# Running real Postgres apps on zeropg — compatibility findings

Source-verified by running 5 real, unmodified apps against zeropg (PGlite over the
pglite-socket Postgres wire), Docker/config-only, each driven end-to-end in a real
browser and read back from the database. The point of this doc is the **limitations
matrix** — what breaks, why, and what the tooling should do about it.

## Results

| App | ORM / driver | Schema onto zeropg | Tables | Extensions needed | Verified write |
|---|---|---|---|---|---|
| Rallly | Prisma **driver-adapter** (`@prisma/adapter-pg`) | 130 migrations | 30 | `citext`, `pgcrypto` | user/account/space graph |
| Cal.com | Prisma **driver-adapter** | 588 migrations | 124 | **none** | signup users row (+104 app-store seed rows) |
| Documenso | Prisma **native query engine** | 162 migrations | 52 | `pgcrypto`, `pg_trgm` | user + personal org graph |
| NocoDB | Knex (`pg`) | **runtime self-bootstrap** | 124 | **none** | metadata + per-base data row |
| PrivateBin | PHP `pdo_pgsql` (libpq) | **runtime self-create** | 3 | **none** | encrypted paste row |
| cocoon (AT Proto PDS) | GORM + **`pgx` v5** (`?default_query_exec_mode=simple_protocol`) | **runtime AutoMigrate** | 13 | **none** | account row + record + repo MST blocks |

(Cap was rejected before building — it is MySQL/PlanetScale, a dialect zeropg can't serve.)

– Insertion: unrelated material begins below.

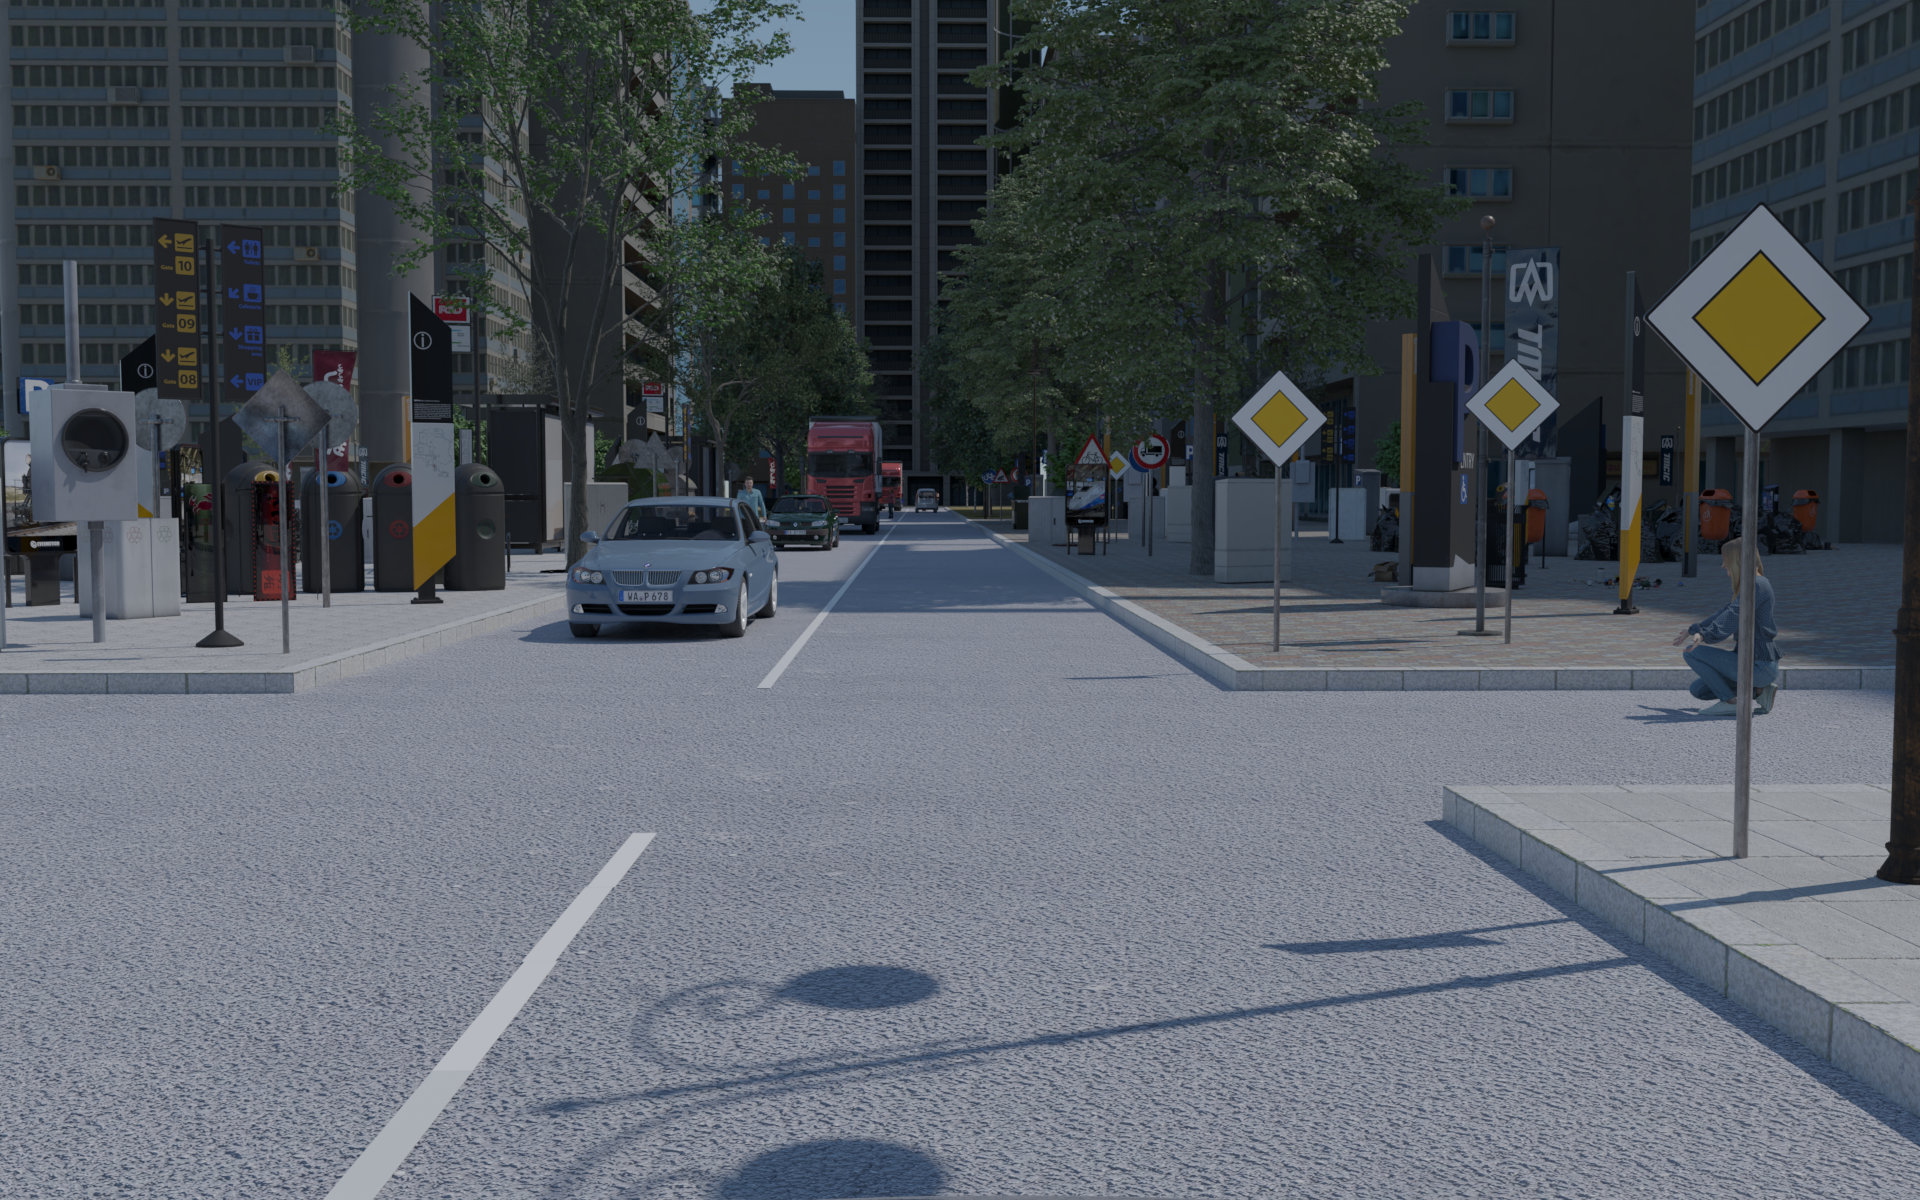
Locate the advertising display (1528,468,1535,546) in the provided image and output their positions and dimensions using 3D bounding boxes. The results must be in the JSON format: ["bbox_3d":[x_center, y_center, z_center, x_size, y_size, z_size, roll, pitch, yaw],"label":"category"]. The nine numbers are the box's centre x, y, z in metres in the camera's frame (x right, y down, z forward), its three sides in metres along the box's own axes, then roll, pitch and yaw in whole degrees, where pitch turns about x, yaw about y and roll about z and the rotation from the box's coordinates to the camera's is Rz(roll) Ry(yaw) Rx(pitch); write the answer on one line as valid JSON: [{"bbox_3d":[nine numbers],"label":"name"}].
[{"bbox_3d":[14.511,-2.313,43.038,0.974,1.923,0.123,-1,4,-15],"label":"advertising display"}]

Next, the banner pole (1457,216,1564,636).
[{"bbox_3d":[4.955,-1.564,15.589,0.863,3.779,0.401,2,4,25],"label":"banner pole"}]

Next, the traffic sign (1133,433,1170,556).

## The headline: no fundamental incompatibility found

Across **880 linear migrations** (Rallly+Cal.com+Documenso) plus **two runtime-bootstrapped
schemas** (NocoDB's 124-table Knex bootstrap, PrivateBin's PDO auto-create), **nothing
hit a Postgres feature PGlite lacks.** Every blocker reduced to a missing *bundled*
contrib extension.

### Confirmed-working Postgres surface (empirically verified — each checked to take effect, not just "no error")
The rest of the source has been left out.